I don’t tend to watch a lot of news. We don’t have cable at home, and I’ve usually got 50 thousand different things to do with my time once I get home from work. So I’m frequently out of the loop on a lot of things.
So apparently George Lopez called Kirstie Alley a pig. If you’re fat, you get used to things like that. However, it does not mean that it’s acceptable.
I’ll never forget one day when I was living in Salt Lake City. I worked at the University of Utah, and was crossing the street to go from employee parking to my building. A car full of boys sped up and raced dangerously close to me as I was in the crosswalk, and hollered “fat bitch” at me out of their windows. What’s sad is that I was in a losing cycle at the time, and feeling comparatively cute. What’s sad is that they knew nothing about me beyond the fact that I weighed more than their apparently acceptable weight limits, and based on that decided that it was within their rights to publicly humiliate and shame me. What’s sad is that they showed themselves to be ugly and unkind people to someone who was predisposed to think they were probably fairly nice guys.

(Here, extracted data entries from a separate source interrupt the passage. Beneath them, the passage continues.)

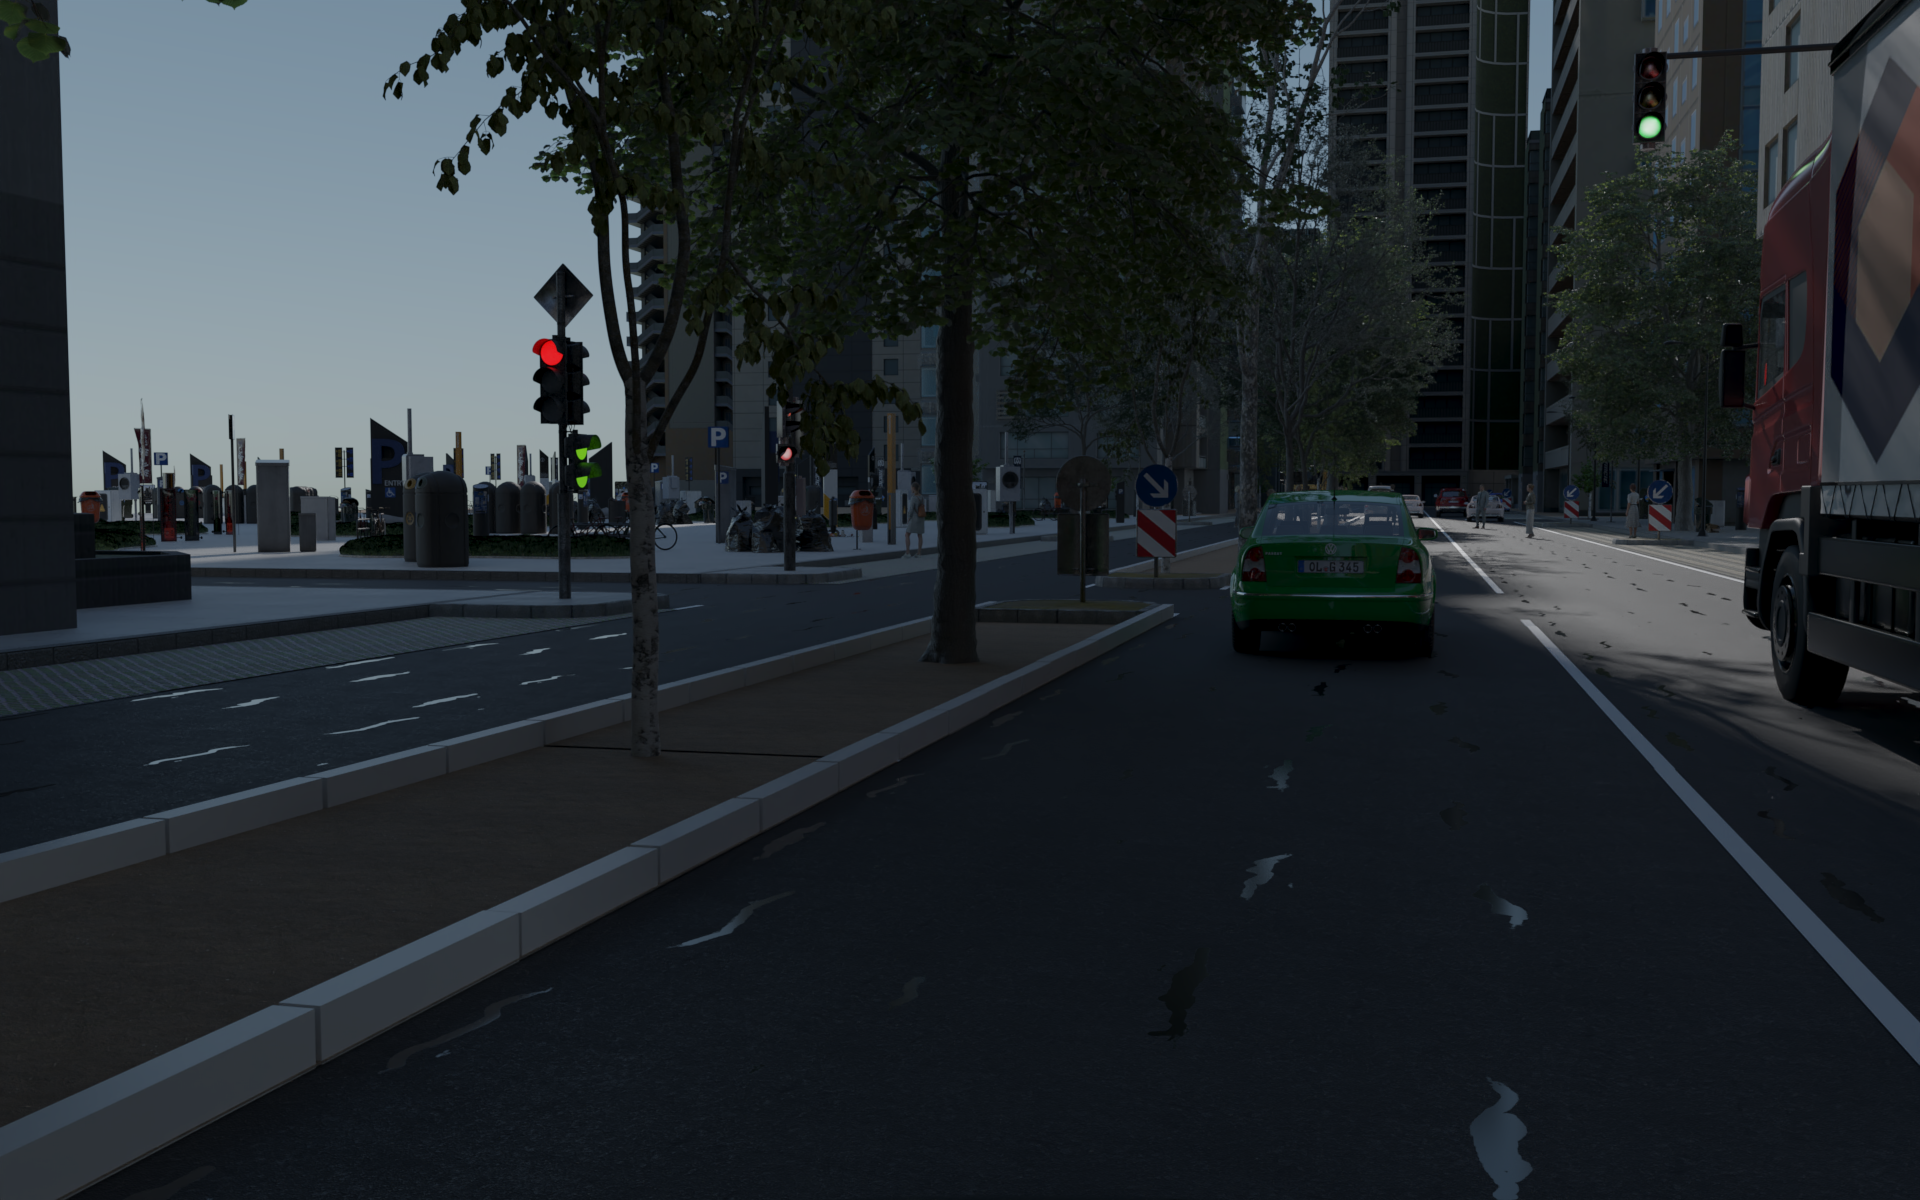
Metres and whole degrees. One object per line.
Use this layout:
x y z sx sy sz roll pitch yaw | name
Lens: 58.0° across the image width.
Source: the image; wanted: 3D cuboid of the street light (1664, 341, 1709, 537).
21.997 -4.889 52.471 1.470 5.913 1.316 1 4 14 | street light

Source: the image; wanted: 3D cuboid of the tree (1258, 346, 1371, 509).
14.539 -7.152 69.749 4.737 8.622 4.395 0 3 0 | tree

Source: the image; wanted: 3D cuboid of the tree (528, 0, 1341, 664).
-0.053 -5.762 14.799 7.486 12.596 7.792 0 3 0 | tree

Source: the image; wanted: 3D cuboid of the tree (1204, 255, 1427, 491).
12.842 -7.755 63.665 8.767 10.594 7.601 1 4 14 | tree

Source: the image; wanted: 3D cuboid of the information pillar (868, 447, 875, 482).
-4.396 -5.799 86.174 0.183 3.616 0.504 2 4 33 | information pillar

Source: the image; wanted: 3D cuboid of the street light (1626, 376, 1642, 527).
25.684 -5.774 66.952 1.470 5.913 1.316 1 4 14 | street light

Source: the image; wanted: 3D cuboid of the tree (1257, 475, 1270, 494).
26.620 -9.780 154.510 1.663 3.219 1.824 0 3 0 | tree

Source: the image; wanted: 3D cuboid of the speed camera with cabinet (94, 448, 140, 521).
-36.398 -4.918 74.737 2.038 3.252 0.660 1 4 19 | speed camera with cabinet

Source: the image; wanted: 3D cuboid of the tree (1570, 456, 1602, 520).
31.686 -5.692 87.668 1.663 3.219 1.824 0 3 0 | tree

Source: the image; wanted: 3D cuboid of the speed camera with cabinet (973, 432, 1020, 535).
0.862 -3.710 54.993 2.038 3.252 0.660 -1 4 -13 | speed camera with cabinet

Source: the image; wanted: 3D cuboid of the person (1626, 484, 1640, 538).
21.328 -2.812 55.045 0.480 1.755 0.524 -2 4 -24 | person

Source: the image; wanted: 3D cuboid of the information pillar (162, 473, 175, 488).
-27.163 -3.364 59.489 0.304 2.012 0.304 -3 5 -42 | information pillar

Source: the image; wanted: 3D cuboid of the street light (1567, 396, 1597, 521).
29.580 -6.708 82.214 1.470 5.913 1.316 1 4 14 | street light

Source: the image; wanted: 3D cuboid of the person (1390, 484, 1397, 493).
18.471 -4.032 74.207 0.659 1.850 0.755 -1 4 -9 | person

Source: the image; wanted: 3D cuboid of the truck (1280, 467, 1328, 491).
24.127 -7.602 120.211 3.469 3.379 9.791 1 4 13 | truck

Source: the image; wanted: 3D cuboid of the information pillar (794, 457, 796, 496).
-7.887 -5.570 82.416 0.183 3.616 0.504 0 4 -2 | information pillar

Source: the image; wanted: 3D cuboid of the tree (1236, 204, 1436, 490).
16.585 -10.281 77.207 9.857 13.997 8.962 0 3 0 | tree

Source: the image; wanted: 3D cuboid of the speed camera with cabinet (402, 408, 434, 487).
-12.176 -2.765 39.539 0.660 3.252 2.038 -2 4 -32 | speed camera with cabinet

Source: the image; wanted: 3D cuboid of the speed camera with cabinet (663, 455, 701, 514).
-14.258 -5.781 88.857 2.038 3.252 0.660 -3 5 -44 | speed camera with cabinet

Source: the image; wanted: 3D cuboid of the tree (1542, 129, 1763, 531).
25.257 -9.394 60.254 9.857 13.997 8.962 0 3 0 | tree

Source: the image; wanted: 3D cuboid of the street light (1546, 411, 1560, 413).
33.407 -7.591 96.659 1.470 5.913 1.316 1 4 14 | street light

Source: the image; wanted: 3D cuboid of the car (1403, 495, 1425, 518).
27.222 -5.688 105.358 2.083 1.381 4.827 1 4 14 | car

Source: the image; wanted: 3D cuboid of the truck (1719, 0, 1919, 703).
6.042 -1.190 8.366 2.839 4.237 11.283 1 4 14 | truck

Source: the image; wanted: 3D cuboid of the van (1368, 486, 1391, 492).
22.199 -5.161 91.389 2.013 2.044 4.112 1 4 14 | van

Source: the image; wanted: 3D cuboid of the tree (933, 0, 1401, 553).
5.301 -11.003 38.251 12.611 20.169 13.585 0 3 0 | tree

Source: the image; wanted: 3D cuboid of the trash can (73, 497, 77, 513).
-50.637 -5.319 98.616 0.748 1.137 0.748 0 3 0 | trash can

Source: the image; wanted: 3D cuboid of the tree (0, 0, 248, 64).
-3.308 -5.030 2.831 7.486 12.596 7.792 0 3 0 | tree

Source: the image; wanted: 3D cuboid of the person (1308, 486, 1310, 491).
14.721 -3.959 73.498 0.678 1.792 0.850 2 4 27 | person

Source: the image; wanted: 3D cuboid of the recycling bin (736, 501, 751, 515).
-8.489 -3.306 66.604 0.722 1.027 0.722 -2 4 -30 | recycling bin

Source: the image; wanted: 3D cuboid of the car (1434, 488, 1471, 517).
30.981 -6.132 108.935 2.281 1.827 5.304 1 4 15 | car

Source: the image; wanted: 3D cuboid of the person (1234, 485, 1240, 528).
11.907 -3.970 73.595 0.526 1.800 0.537 2 4 35 | person

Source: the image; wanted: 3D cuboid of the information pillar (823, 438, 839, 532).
-4.370 -4.110 58.560 0.504 3.616 0.183 -1 4 -20 | information pillar

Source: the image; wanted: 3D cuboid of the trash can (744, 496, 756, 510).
-12.902 -5.805 106.560 0.748 1.137 0.748 0 3 0 | trash can

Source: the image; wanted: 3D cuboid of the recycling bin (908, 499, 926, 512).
-2.246 -4.802 91.068 0.722 1.027 0.722 2 4 27 | recycling bin

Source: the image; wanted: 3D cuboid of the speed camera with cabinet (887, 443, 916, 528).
-2.243 -4.435 66.854 0.660 3.252 2.038 1 4 15 | speed camera with cabinet

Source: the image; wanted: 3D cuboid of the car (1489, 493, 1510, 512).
39.761 -7.258 128.259 1.945 1.707 3.694 1 4 14 | car

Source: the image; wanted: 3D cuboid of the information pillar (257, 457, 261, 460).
-43.861 -7.176 108.682 0.504 3.616 0.183 2 4 26 | information pillar

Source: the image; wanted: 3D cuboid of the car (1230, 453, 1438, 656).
3.660 -0.493 16.854 1.959 1.807 4.718 1 4 13 | car

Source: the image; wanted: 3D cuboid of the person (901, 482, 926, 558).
-0.979 -1.776 38.549 0.522 1.701 0.512 3 4 36 | person

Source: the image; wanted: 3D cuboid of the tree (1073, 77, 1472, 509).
9.821 -8.466 51.239 12.009 13.543 11.850 0 3 0 | tree

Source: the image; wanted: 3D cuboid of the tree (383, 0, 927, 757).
-1.734 -3.433 8.949 4.737 8.622 4.395 0 3 0 | tree

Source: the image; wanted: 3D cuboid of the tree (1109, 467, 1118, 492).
8.653 -6.596 102.448 1.663 3.219 1.824 0 3 0 | tree

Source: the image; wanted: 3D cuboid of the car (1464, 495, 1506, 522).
27.378 -4.767 90.299 2.083 1.381 4.827 1 4 16 | car

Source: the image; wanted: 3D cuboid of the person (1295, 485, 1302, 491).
13.260 -3.594 67.451 0.709 1.800 0.728 2 4 30 | person

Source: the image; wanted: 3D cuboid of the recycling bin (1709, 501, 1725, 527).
29.247 -3.349 67.307 0.722 1.027 0.722 1 4 8 | recycling bin

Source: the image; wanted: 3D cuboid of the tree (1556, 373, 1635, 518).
33.751 -8.666 92.044 4.360 8.622 3.978 0 3 0 | tree

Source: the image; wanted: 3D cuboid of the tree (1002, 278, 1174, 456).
5.132 -8.267 69.575 7.601 10.594 8.767 1 4 12 | tree

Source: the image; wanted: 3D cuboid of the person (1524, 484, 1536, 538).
18.525 -2.895 56.385 0.362 1.759 0.519 1 4 11 | person

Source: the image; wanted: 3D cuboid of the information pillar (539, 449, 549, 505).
-21.610 -6.033 89.992 0.504 3.616 0.183 -2 4 -26 | information pillar

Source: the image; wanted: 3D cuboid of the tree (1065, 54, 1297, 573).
3.377 -4.601 28.052 4.360 8.622 3.978 0 3 0 | tree

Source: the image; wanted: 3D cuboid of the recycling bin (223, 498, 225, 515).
-44.723 -5.705 105.827 0.722 1.027 0.722 3 5 42 | recycling bin

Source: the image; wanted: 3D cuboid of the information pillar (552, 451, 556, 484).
-22.321 -6.357 95.288 0.183 3.616 0.504 -2 4 -31 | information pillar

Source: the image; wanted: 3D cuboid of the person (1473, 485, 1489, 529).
21.591 -3.859 71.692 0.391 1.810 0.635 -3 5 -41 | person

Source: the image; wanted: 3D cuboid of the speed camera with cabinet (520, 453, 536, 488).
-21.470 -5.526 84.678 0.660 3.252 2.038 -3 5 -41 | speed camera with cabinet

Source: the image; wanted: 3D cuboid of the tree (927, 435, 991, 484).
-0.210 -3.337 49.168 1.663 3.219 1.824 0 3 0 | tree

So I’m with Richard Simmons on this one. http://www.cnn.com/2011/OPINION/03/29/simmons.weight.jokes/index.html?hpt=C2#
I’m also really disgusted by a lot of the comments to Simmons’s commentary. Because I have control over what I put in my mouth and how much exercise I do, that gives others the right and privilege to make fun of me if I don’t meet their standards?
I’m not a big Kirstie Alley fan. I don’t care for her sense of humour, and haven’t enjoyed any of the shows I’ve watched her in. But I will proudly stand up next to her and proclaim her right to go through life without being mocked and tormented because of her weight. If it were easy for people to control weight, people wouldn’t be fat if they didn’t want to be, and there would be no smokers who were unsuccessful in their attempts to quit smoking if that were easy. I know how hard it is for me to cope with my own problems, and I hope I would be the last to accuse someone else for their difficulties and their problems.
I see that Lopez apologized, and I’m glad. I have as much of a sense of humour as anyone, but I don’t find pointing fingers at others pain amusing.
Even amongst fat people, there is plenty of blaming going on. If someone is fatter than you are, it can make you feel smugly superior. If someone was formerly fat but is losing, it can make you feel defensive. If you lose weight “the natural way,” solely with diet and exercise, you might feel superior to someone who had weight loss surgery.
There are so many people looking down on fat people, and it’s just sad. No one is a better person or a worse person solely by virtue of how much he/she weighs. (Or how tall or short he/she is, or whether he/she smokes, etc.) My point is, we’re all in this world together. It’d be nice if we spent as much time building people up as we do tearing them down.
I’m fat, I admit it, not that I could disguise it. I eat too much. I exercise too little. But I do eat much less than I did even four months ago; I weigh significantly less than I did four months ago; I exercise more than I did four months ago. I care about what I look like. I care about what kind of a person I am. And if you look at me and see nothing but my weight and decide, based on that sole factor, that I’m a bitch or am ugly or lazy or stupid, well, I feel sorry for you. But hey–don’t bother to share your opinion of me, because what you think of me is none of my business.